┏━━
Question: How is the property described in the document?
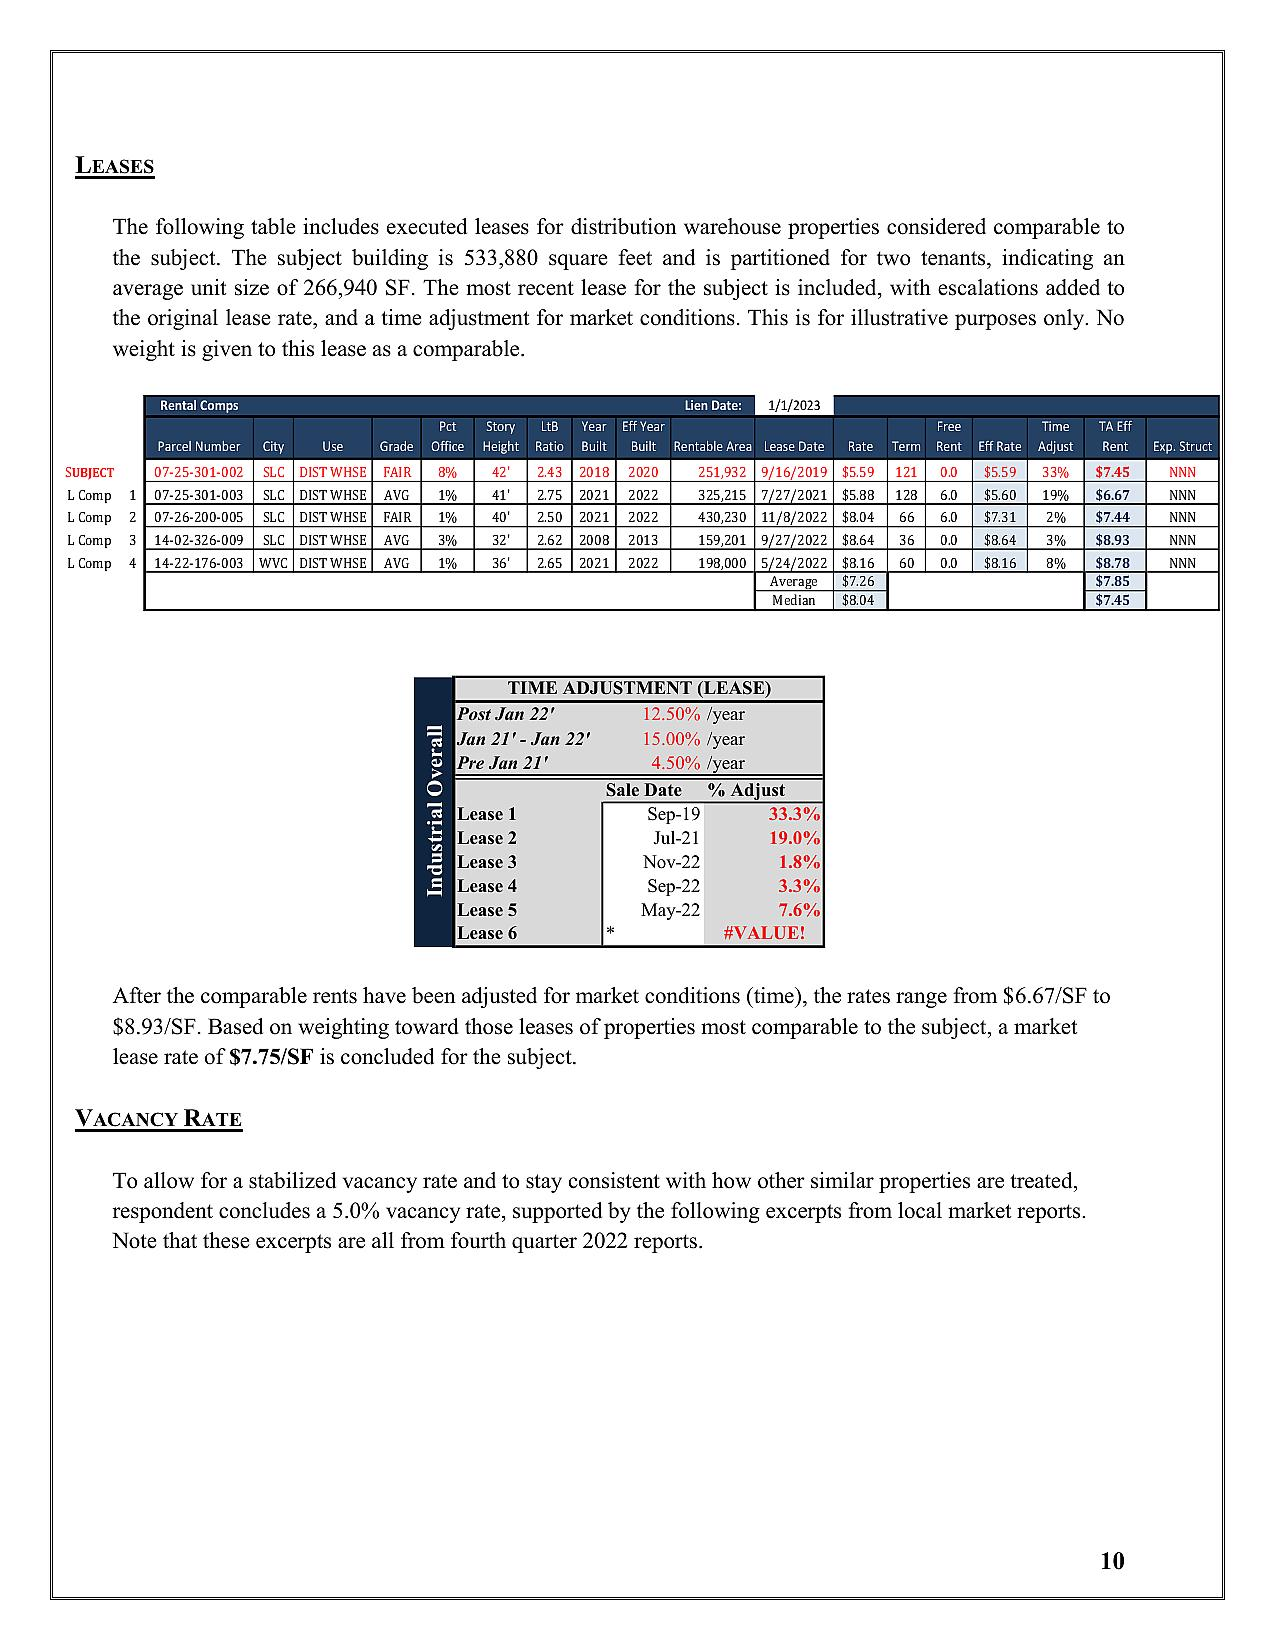
Answer: "DIST WHSE"
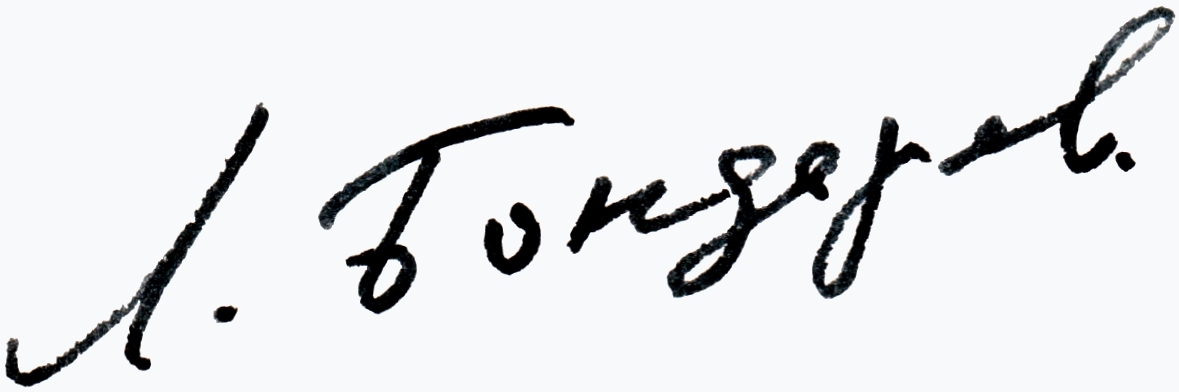
Signature of: bondarev lev
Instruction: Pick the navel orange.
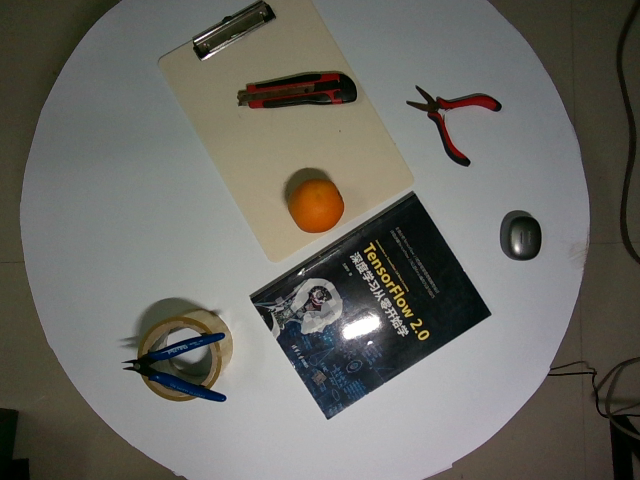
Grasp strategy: vertical
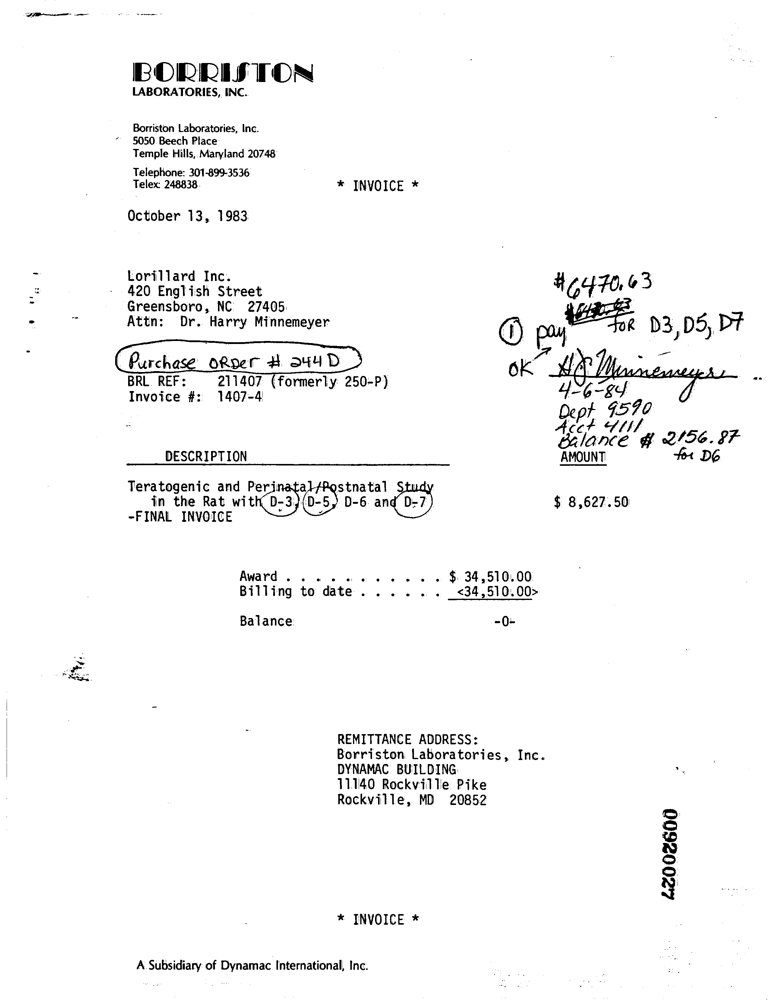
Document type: Invoice
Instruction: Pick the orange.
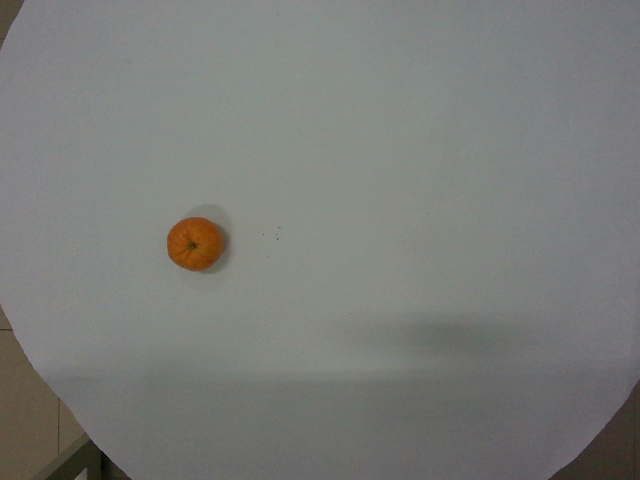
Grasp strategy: vertical
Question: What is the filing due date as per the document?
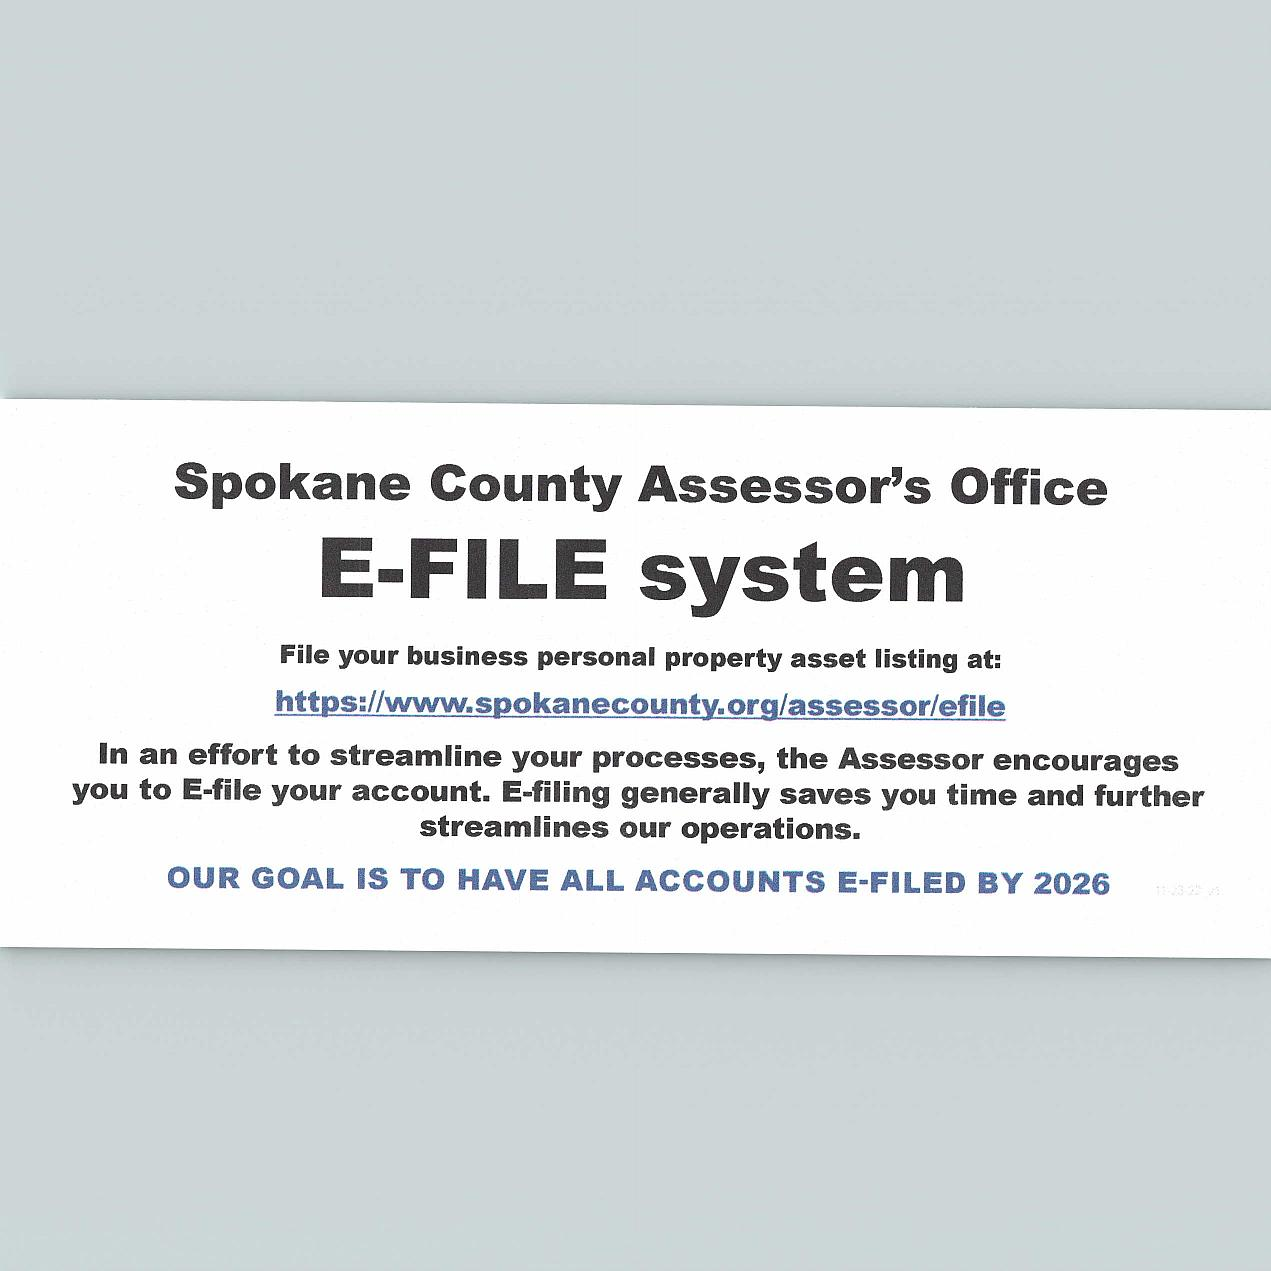
Answer: "2026"
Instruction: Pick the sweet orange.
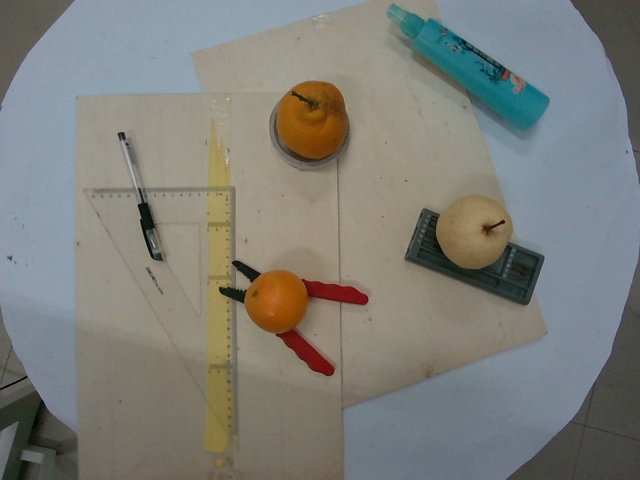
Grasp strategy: vertical
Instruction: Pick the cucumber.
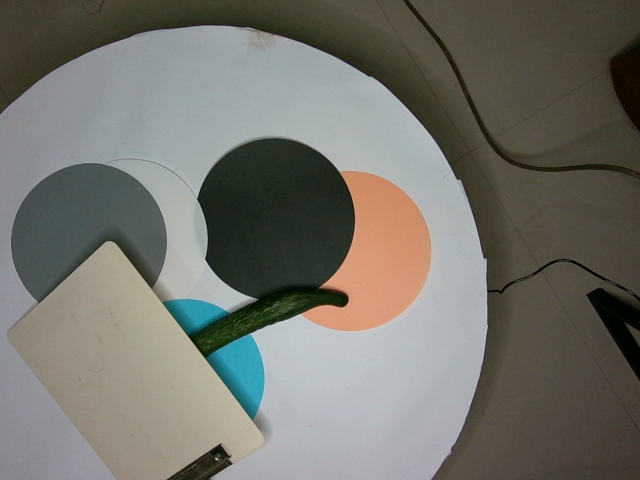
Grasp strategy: vertical
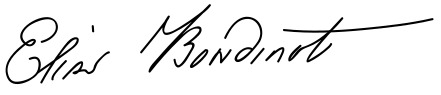
Signature of: elias boudinot
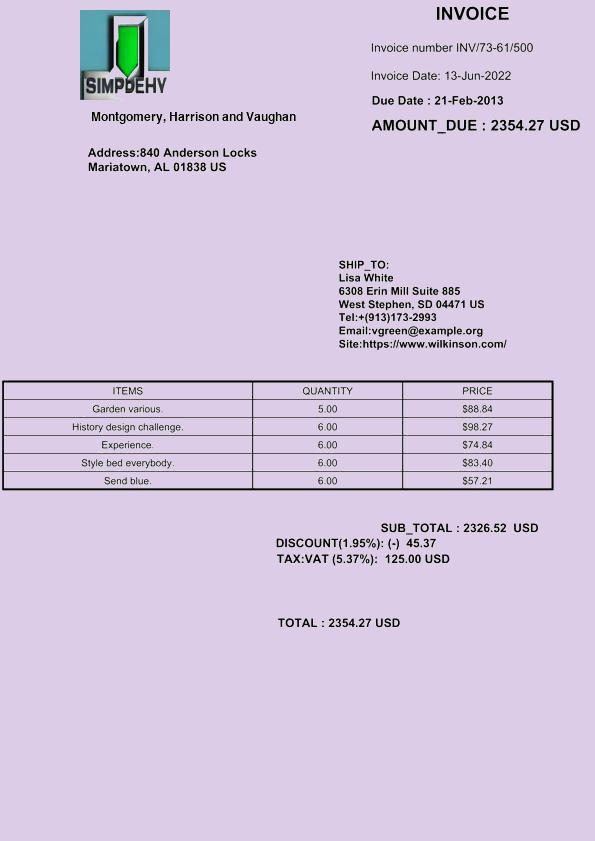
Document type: Invoice
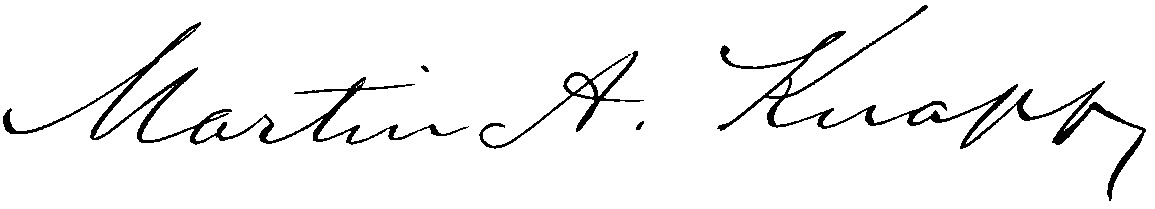
Signature of: martin augustine knapp
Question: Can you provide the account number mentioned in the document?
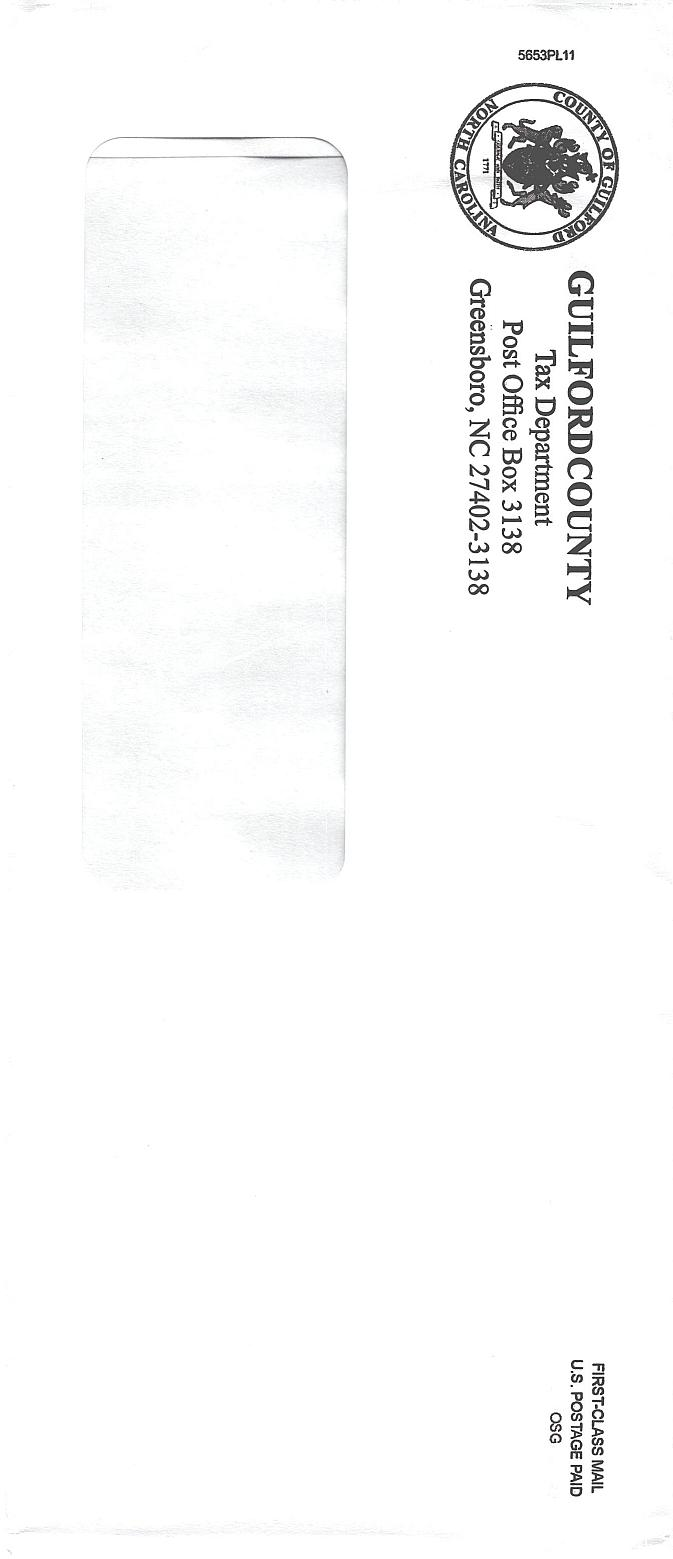
Answer: "7102-23-3138"
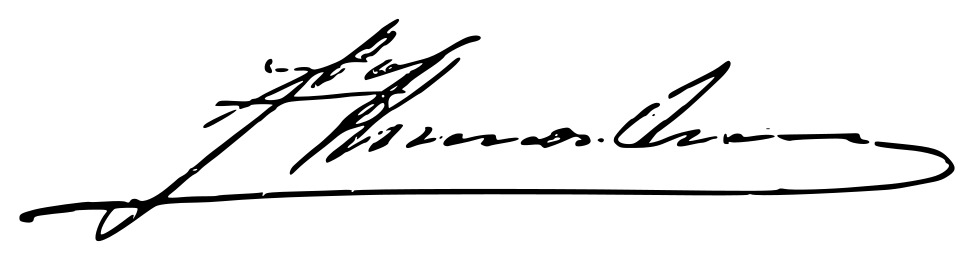
Signature of: fernando primo de rivera y sobremonte
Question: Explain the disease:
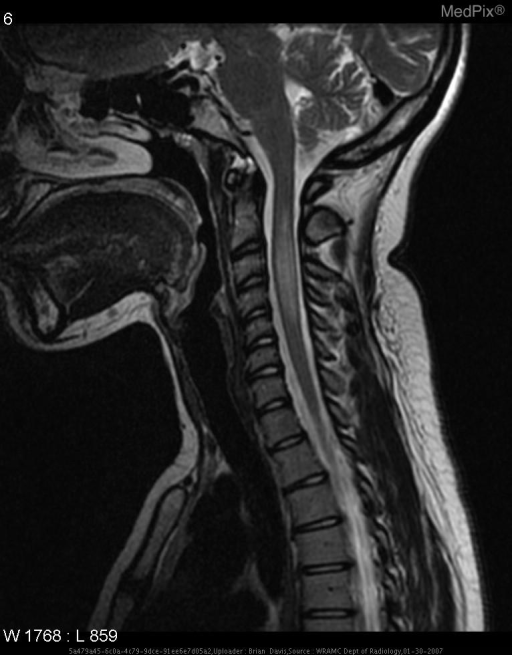
Answer: The disease is discussed as: Multiple Sclerosis
• Idiopathic inflammatory disease of CNS
• Pathologic demyelination and susbsequent axonal degeneration
• Typically presents at 20-45 years of age
• Females affected 2X more than males
• Onset variable: insidious or sudden

Common Presenting Sx:
• Paresthesias
• Weakness
• Impaired coordination
• Optic neuritis (monocular visual impairment)

Additional signs/sx:
• Bladder urgency/retention, constipation, sexual dysfunction, fatigue, depression, diplopia, gait and limb ataxia, and Lhermitte's sign (electrical sensation down the spine on neck flexion)
• Frequently overlooked/mis-diagnosed because initial Sx may resolve spontaneously

• Relapses occur within months or years

• Some patients may have a primary progressive course from onset

• Diagnosis of MS is “ based on the presence of central nervous system (CNS) lesions that are disseminated in time and space with no better explanation for the disease process “
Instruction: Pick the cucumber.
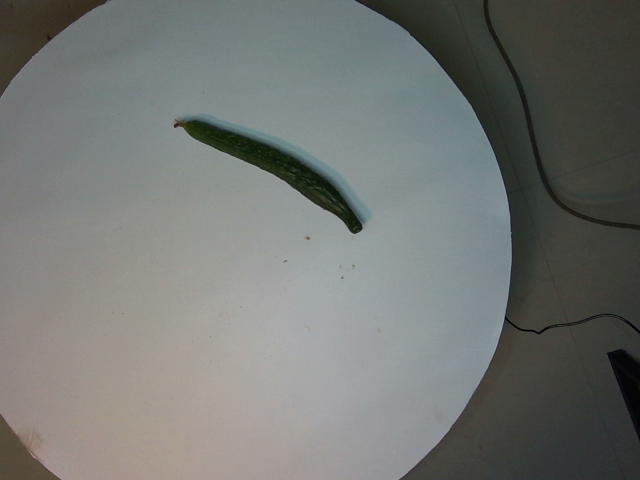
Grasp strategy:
┗━━
# [DESCRIPTION OF THE TASK]
Write out the lines of the material from the one containing "Instruction: Pick the navel orange." through the last, exactly and only those. Leave every picture out.

# [RESULT]
Instruction: Pick the navel orange.
Grasp strategy: vertical
Document type: Invoice
Instruction: Pick the orange.
Grasp strategy: vertical
Question: What is the filing due date as per the document?
Answer: "2026"
Instruction: Pick the sweet orange.
Grasp strategy: vertical
Instruction: Pick the cucumber.
Grasp strategy: vertical
Signature of: elias boudinot
Document type: Invoice
Signature of: martin augustine knapp
Question: Can you provide the account number mentioned in the document?
Answer: "7102-23-3138"
Signature of: fernando primo de rivera y sobremonte
Question: Explain the disease:
Answer: The disease is discussed as: Multiple Sclerosis
• Idiopathic inflammatory disease of CNS
• Pathologic demyelination and susbsequent axonal degeneration
• Typically presents at 20-45 years of age
• Females affected 2X more than males
• Onset variable: insidious or sudden

Common Presenting Sx:
• Paresthesias
• Weakness
• Impaired coordination
• Optic neuritis (monocular visual impairment)

Additional signs/sx:
• Bladder urgency/retention, constipation, sexual dysfunction, fatigue, depression, diplopia, gait and limb ataxia, and Lhermitte's sign (electrical sensation down the spine on neck flexion)
• Frequently overlooked/mis-diagnosed because initial Sx may resolve spontaneously

• Relapses occur within months or years

• Some patients may have a primary progressive course from onset

• Diagnosis of MS is “ based on the presence of central nervous system (CNS) lesions that are disseminated in time and space with no better explanation for the disease process “
Instruction: Pick the cucumber.
Grasp strategy:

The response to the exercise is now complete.